* _ENTRIES SUPPLIED_
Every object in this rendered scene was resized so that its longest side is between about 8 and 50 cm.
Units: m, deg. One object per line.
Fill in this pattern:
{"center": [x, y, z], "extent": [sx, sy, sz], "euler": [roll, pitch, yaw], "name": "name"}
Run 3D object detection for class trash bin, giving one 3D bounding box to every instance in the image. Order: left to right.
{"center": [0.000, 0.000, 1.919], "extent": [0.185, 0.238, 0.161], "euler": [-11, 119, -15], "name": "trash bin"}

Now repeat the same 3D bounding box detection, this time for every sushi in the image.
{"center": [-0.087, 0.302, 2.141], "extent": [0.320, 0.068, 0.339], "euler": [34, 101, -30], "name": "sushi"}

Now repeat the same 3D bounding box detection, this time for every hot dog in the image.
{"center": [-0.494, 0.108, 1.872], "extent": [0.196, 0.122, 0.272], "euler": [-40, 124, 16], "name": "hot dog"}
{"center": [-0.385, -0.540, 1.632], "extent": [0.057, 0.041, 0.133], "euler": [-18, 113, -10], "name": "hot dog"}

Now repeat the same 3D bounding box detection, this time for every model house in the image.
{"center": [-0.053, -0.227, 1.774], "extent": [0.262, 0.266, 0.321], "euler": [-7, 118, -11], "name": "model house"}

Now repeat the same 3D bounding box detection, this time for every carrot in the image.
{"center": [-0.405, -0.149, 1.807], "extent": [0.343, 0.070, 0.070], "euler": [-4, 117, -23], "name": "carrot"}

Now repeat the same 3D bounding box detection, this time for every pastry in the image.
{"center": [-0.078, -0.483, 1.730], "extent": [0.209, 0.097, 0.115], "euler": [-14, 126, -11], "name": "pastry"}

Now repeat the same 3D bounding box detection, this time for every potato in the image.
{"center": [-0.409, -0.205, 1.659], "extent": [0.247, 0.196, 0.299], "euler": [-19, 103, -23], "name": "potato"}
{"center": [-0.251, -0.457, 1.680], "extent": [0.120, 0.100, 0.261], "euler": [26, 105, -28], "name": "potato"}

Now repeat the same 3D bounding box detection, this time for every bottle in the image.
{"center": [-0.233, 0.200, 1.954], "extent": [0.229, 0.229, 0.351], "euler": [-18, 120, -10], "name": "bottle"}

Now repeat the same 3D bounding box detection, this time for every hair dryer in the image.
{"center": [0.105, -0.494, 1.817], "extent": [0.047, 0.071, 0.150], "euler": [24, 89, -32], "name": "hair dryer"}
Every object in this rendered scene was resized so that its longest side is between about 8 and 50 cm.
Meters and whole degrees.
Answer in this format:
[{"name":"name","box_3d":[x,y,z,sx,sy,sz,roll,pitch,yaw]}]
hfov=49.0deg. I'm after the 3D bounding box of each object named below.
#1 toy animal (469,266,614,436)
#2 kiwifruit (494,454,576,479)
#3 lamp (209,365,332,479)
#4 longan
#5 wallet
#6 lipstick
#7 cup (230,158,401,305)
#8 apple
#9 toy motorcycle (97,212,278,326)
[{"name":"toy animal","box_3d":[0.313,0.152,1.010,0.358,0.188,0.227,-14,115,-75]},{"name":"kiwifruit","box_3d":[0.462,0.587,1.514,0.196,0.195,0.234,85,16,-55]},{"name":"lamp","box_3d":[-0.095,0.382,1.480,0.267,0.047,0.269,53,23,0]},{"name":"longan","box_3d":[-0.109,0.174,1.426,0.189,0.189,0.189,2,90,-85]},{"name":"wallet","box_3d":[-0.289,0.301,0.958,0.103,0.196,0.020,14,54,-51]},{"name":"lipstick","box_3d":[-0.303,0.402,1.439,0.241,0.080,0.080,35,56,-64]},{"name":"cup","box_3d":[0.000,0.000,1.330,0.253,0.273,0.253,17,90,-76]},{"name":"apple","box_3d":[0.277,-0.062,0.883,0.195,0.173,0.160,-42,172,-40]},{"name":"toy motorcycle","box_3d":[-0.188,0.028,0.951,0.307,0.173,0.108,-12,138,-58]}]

* _PROBLEM TO WORK ON_
Each line of the data has to be written out exactly as it appears.

* _TASK RESPONSE_
Every object in this rendered scene was resized so that its longest side is between about 8 and 50 cm.
Units: m, deg. One object per line.
Fill in this pattern:
{"center": [x, y, z], "extent": [sx, sy, sz], "euler": [roll, pitch, yaw], "name": "name"}
Run 3D object detection for class trash bin, giving one 3D bounding box to every instance in the image. Order: left to right.
{"center": [0.000, 0.000, 1.919], "extent": [0.185, 0.238, 0.161], "euler": [-11, 119, -15], "name": "trash bin"}

Now repeat the same 3D bounding box detection, this time for every sushi in the image.
{"center": [-0.087, 0.302, 2.141], "extent": [0.320, 0.068, 0.339], "euler": [34, 101, -30], "name": "sushi"}

Now repeat the same 3D bounding box detection, this time for every hot dog in the image.
{"center": [-0.494, 0.108, 1.872], "extent": [0.196, 0.122, 0.272], "euler": [-40, 124, 16], "name": "hot dog"}
{"center": [-0.385, -0.540, 1.632], "extent": [0.057, 0.041, 0.133], "euler": [-18, 113, -10], "name": "hot dog"}

Now repeat the same 3D bounding box detection, this time for every model house in the image.
{"center": [-0.053, -0.227, 1.774], "extent": [0.262, 0.266, 0.321], "euler": [-7, 118, -11], "name": "model house"}

Now repeat the same 3D bounding box detection, this time for every carrot in the image.
{"center": [-0.405, -0.149, 1.807], "extent": [0.343, 0.070, 0.070], "euler": [-4, 117, -23], "name": "carrot"}

Now repeat the same 3D bounding box detection, this time for every pastry in the image.
{"center": [-0.078, -0.483, 1.730], "extent": [0.209, 0.097, 0.115], "euler": [-14, 126, -11], "name": "pastry"}

Now repeat the same 3D bounding box detection, this time for every potato in the image.
{"center": [-0.409, -0.205, 1.659], "extent": [0.247, 0.196, 0.299], "euler": [-19, 103, -23], "name": "potato"}
{"center": [-0.251, -0.457, 1.680], "extent": [0.120, 0.100, 0.261], "euler": [26, 105, -28], "name": "potato"}

Now repeat the same 3D bounding box detection, this time for every bottle in the image.
{"center": [-0.233, 0.200, 1.954], "extent": [0.229, 0.229, 0.351], "euler": [-18, 120, -10], "name": "bottle"}

Now repeat the same 3D bounding box detection, this time for every hair dryer in the image.
{"center": [0.105, -0.494, 1.817], "extent": [0.047, 0.071, 0.150], "euler": [24, 89, -32], "name": "hair dryer"}
Every object in this rendered scene was resized so that its longest side is between about 8 and 50 cm.
Meters and whole degrees.
Answer in this format:
[{"name":"name","box_3d":[x,y,z,sx,sy,sz,roll,pitch,yaw]}]
hfov=49.0deg. I'm after the 3D bounding box of each object named below.
#1 toy animal (469,266,614,436)
#2 kiwifruit (494,454,576,479)
#3 lamp (209,365,332,479)
#4 longan
#5 wallet
#6 lipstick
#7 cup (230,158,401,305)
#8 apple
#9 toy motorcycle (97,212,278,326)
[{"name":"toy animal","box_3d":[0.313,0.152,1.010,0.358,0.188,0.227,-14,115,-75]},{"name":"kiwifruit","box_3d":[0.462,0.587,1.514,0.196,0.195,0.234,85,16,-55]},{"name":"lamp","box_3d":[-0.095,0.382,1.480,0.267,0.047,0.269,53,23,0]},{"name":"longan","box_3d":[-0.109,0.174,1.426,0.189,0.189,0.189,2,90,-85]},{"name":"wallet","box_3d":[-0.289,0.301,0.958,0.103,0.196,0.020,14,54,-51]},{"name":"lipstick","box_3d":[-0.303,0.402,1.439,0.241,0.080,0.080,35,56,-64]},{"name":"cup","box_3d":[0.000,0.000,1.330,0.253,0.273,0.253,17,90,-76]},{"name":"apple","box_3d":[0.277,-0.062,0.883,0.195,0.173,0.160,-42,172,-40]},{"name":"toy motorcycle","box_3d":[-0.188,0.028,0.951,0.307,0.173,0.108,-12,138,-58]}]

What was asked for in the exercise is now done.